When you are creating command line applications in Python, you probably heard of argparse, which is a great library for exactly doing this, and it is even included in Python’s standard library.

Imagine you have created the following argparse application:

<main.py>

import argparse

def main():
    parser = argparse.ArgumentParser()
    parser.add_argument('--name', required=True)
    args = parser.parse_args()
    print(f'Hello {args.name}')

if __name__ == '__main__':
    sys.exit(main())

Looks straightforward, works great, but at one point, you certainly want to add tests for it, right?

The problem

argparse.parse_args() is reading the arguments (e.g. --name) from sys.argv, so you cannot set some test values directly.

How would you test the code?

A quick search on Google showed a couple of solutions, from patching parse_args over to patching values into sys.argv and even more frightening ways.

Actually, you could also create a “black box test” by using os.system("<call your app>") to run your app.

Let’s try patching sys.argv

As mentioned you can patch sys.argv.

<test_main.py>

from unittest.mock import patch
from main import main

def test_main(capsys):
    with patch("sys.argv", ["main", "--name", "Jürgen"]):
        main()
        captured = capsys.readouterr()
        assert captured.out == "Hello Jürgen\n"

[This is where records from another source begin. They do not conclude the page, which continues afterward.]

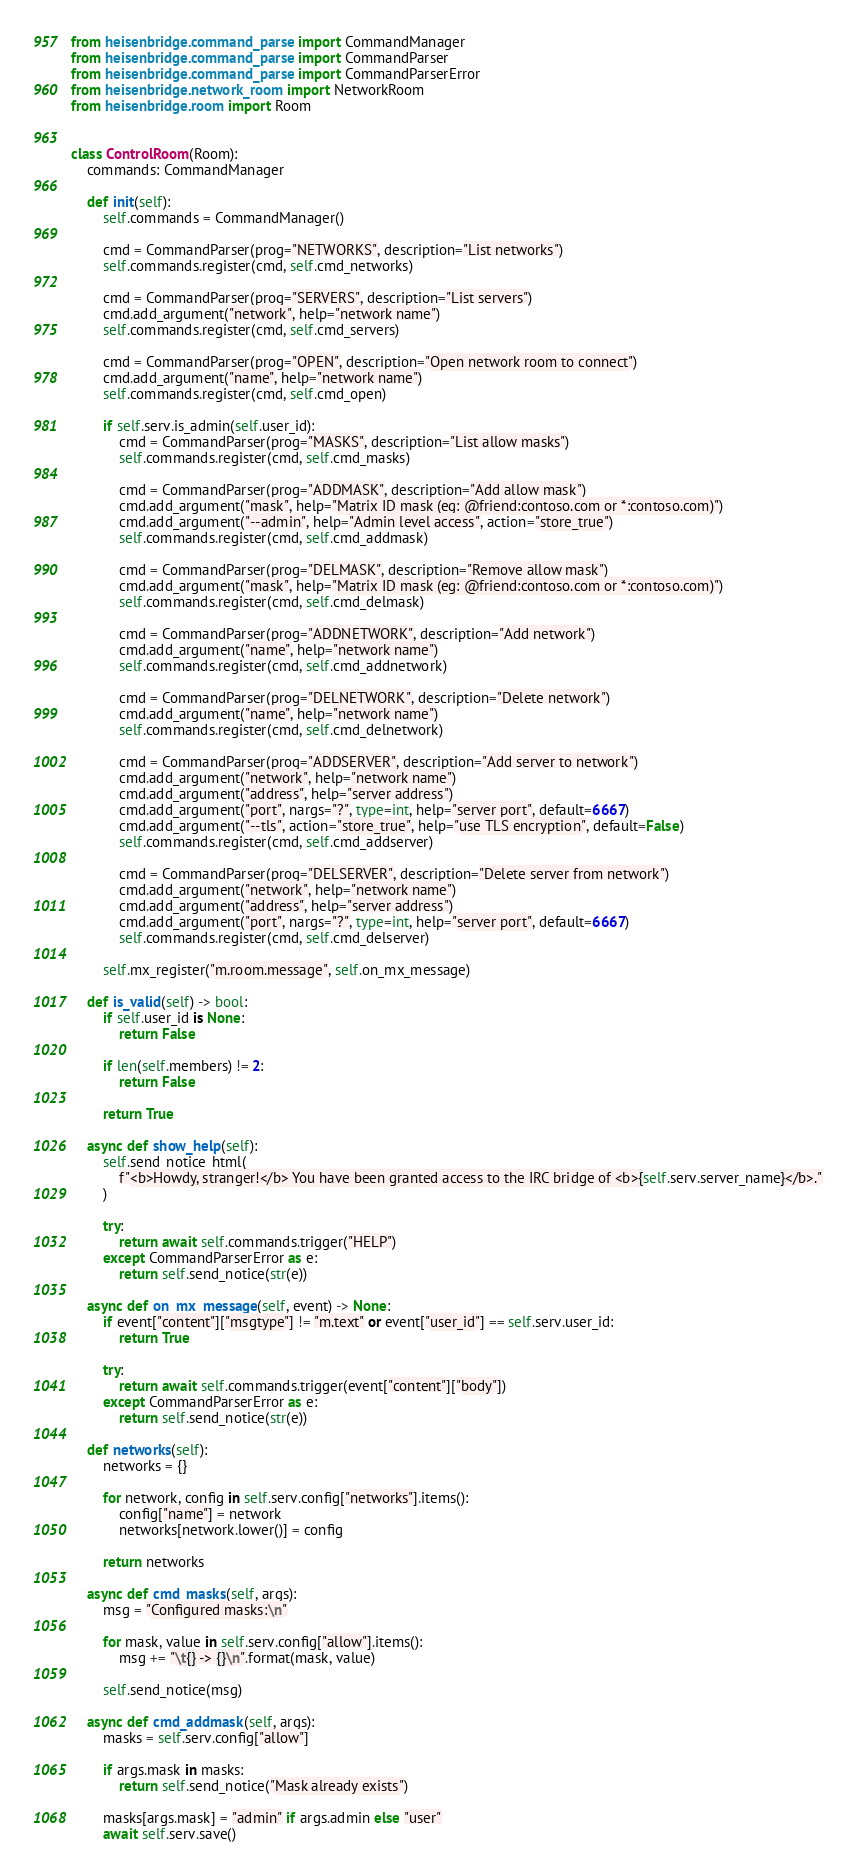<code> <loc_0><loc_0><loc_500><loc_500><_Python_>from heisenbridge.command_parse import CommandManager
from heisenbridge.command_parse import CommandParser
from heisenbridge.command_parse import CommandParserError
from heisenbridge.network_room import NetworkRoom
from heisenbridge.room import Room


class ControlRoom(Room):
    commands: CommandManager

    def init(self):
        self.commands = CommandManager()

        cmd = CommandParser(prog="NETWORKS", description="List networks")
        self.commands.register(cmd, self.cmd_networks)

        cmd = CommandParser(prog="SERVERS", description="List servers")
        cmd.add_argument("network", help="network name")
        self.commands.register(cmd, self.cmd_servers)

        cmd = CommandParser(prog="OPEN", description="Open network room to connect")
        cmd.add_argument("name", help="network name")
        self.commands.register(cmd, self.cmd_open)

        if self.serv.is_admin(self.user_id):
            cmd = CommandParser(prog="MASKS", description="List allow masks")
            self.commands.register(cmd, self.cmd_masks)

            cmd = CommandParser(prog="ADDMASK", description="Add allow mask")
            cmd.add_argument("mask", help="Matrix ID mask (eg: @friend:contoso.com or *:contoso.com)")
            cmd.add_argument("--admin", help="Admin level access", action="store_true")
            self.commands.register(cmd, self.cmd_addmask)

            cmd = CommandParser(prog="DELMASK", description="Remove allow mask")
            cmd.add_argument("mask", help="Matrix ID mask (eg: @friend:contoso.com or *:contoso.com)")
            self.commands.register(cmd, self.cmd_delmask)

            cmd = CommandParser(prog="ADDNETWORK", description="Add network")
            cmd.add_argument("name", help="network name")
            self.commands.register(cmd, self.cmd_addnetwork)

            cmd = CommandParser(prog="DELNETWORK", description="Delete network")
            cmd.add_argument("name", help="network name")
            self.commands.register(cmd, self.cmd_delnetwork)

            cmd = CommandParser(prog="ADDSERVER", description="Add server to network")
            cmd.add_argument("network", help="network name")
            cmd.add_argument("address", help="server address")
            cmd.add_argument("port", nargs="?", type=int, help="server port", default=6667)
            cmd.add_argument("--tls", action="store_true", help="use TLS encryption", default=False)
            self.commands.register(cmd, self.cmd_addserver)

            cmd = CommandParser(prog="DELSERVER", description="Delete server from network")
            cmd.add_argument("network", help="network name")
            cmd.add_argument("address", help="server address")
            cmd.add_argument("port", nargs="?", type=int, help="server port", default=6667)
            self.commands.register(cmd, self.cmd_delserver)

        self.mx_register("m.room.message", self.on_mx_message)

    def is_valid(self) -> bool:
        if self.user_id is None:
            return False

        if len(self.members) != 2:
            return False

        return True

    async def show_help(self):
        self.send_notice_html(
            f"<b>Howdy, stranger!</b> You have been granted access to the IRC bridge of <b>{self.serv.server_name}</b>."
        )

        try:
            return await self.commands.trigger("HELP")
        except CommandParserError as e:
            return self.send_notice(str(e))

    async def on_mx_message(self, event) -> None:
        if event["content"]["msgtype"] != "m.text" or event["user_id"] == self.serv.user_id:
            return True

        try:
            return await self.commands.trigger(event["content"]["body"])
        except CommandParserError as e:
            return self.send_notice(str(e))

    def networks(self):
        networks = {}

        for network, config in self.serv.config["networks"].items():
            config["name"] = network
            networks[network.lower()] = config

        return networks

    async def cmd_masks(self, args):
        msg = "Configured masks:\n"

        for mask, value in self.serv.config["allow"].items():
            msg += "\t{} -> {}\n".format(mask, value)

        self.send_notice(msg)

    async def cmd_addmask(self, args):
        masks = self.serv.config["allow"]

        if args.mask in masks:
            return self.send_notice("Mask already exists")

        masks[args.mask] = "admin" if args.admin else "user"
        await self.serv.save()
</code>

This certainly works, but there must be a better way, right?

Less patching, more passing in

Indeed, you can rewrite the code as following…

<main.py>

import argparse
import sys

def main(argv=None):
    parser = argparse.ArgumentParser()
    parser.add_argument('--name', required=True)
    args = parser.parse_args(argv)
    print(f'Hello {args.name}')

if __name__ == '__main__':
    sys.exit(main())

Now, instead of relying on sys.argv, you can also pass in arguments to your main function directly.

This way, you can rewrite your test as following:

<test_main.py>

from main import main

def test_main_even_simpler(capsys):
    main(["--name", "Jürgen"])
    captured = capsys.readouterr()
    assert captured.out == "Hello Jürgen\n"

There is no more need to patch sys.argv!

Thank you

Thanks to Anthony Sottile, who showed me this “trick” sometimes back in 2020.

Updates

2021.11.30

  • Thanks to Anthony Sottile I now know that “You don’t even need the hackery with sys.argv[1:]” and so I was able to make the above code even simpler.

  • Thanks to my friend Miroslav Šedivý and - once more - Anthony Sottile the code block (if sys.argv is None) is now also gone, as argparse handles this case already.